Hope You’re Not From Alabama

After having their 11th child, an Alabama couple decided that was enough (they could not afford a larger double-wide). So, the husband went to his doctor (who also treated mules) and told him that he and his wife/cousin didn’t want to have any more children. The doctor told him that there was a procedure called a vasectomy that could fix the problem.

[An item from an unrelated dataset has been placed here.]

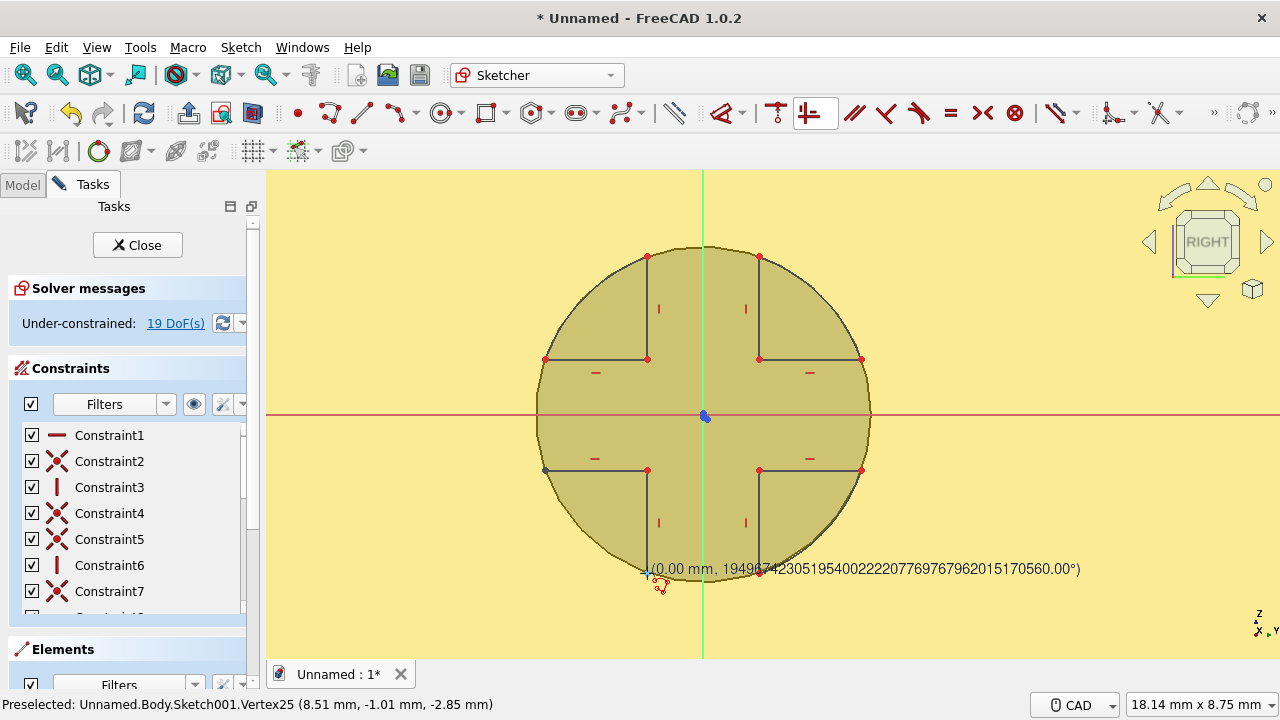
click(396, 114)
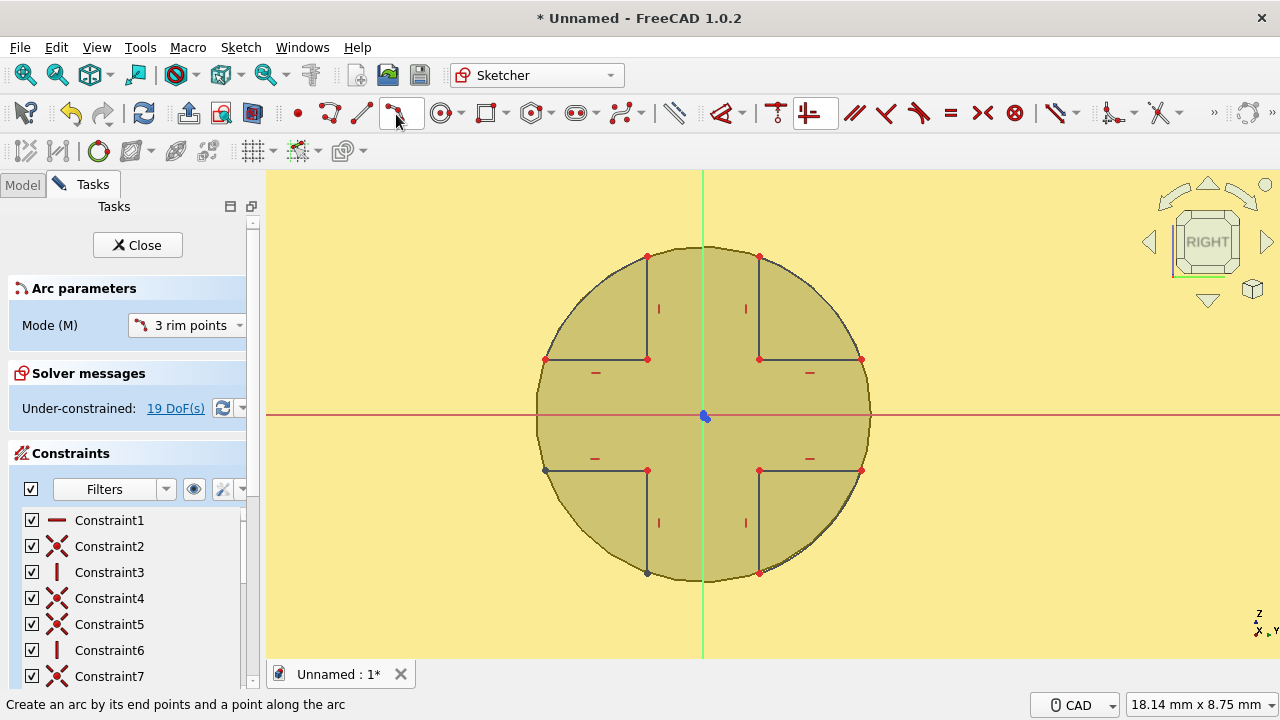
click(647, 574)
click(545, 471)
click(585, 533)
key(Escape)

The doctor instructed him to go home, get a cherry bomb (fireworks are legal in Alabama), light it, put it in a beer can, then hold the can up to his ear and count to 10. The Alabamian said to the doctor, “I may not be the smartest man, but I don’t see how putting a cherry bomb in a beer can next to my ear is going to help me.”

So, the couple drove to Georgia to get a second opinion. The Georgia physician was just about to tell them about the procedure for a vasectomy when he noticed that they were from Alabama. This doctor instead told the man to go home and get a cherry bomb, light it, place it in a beer can, hold it to his ear and count to 10.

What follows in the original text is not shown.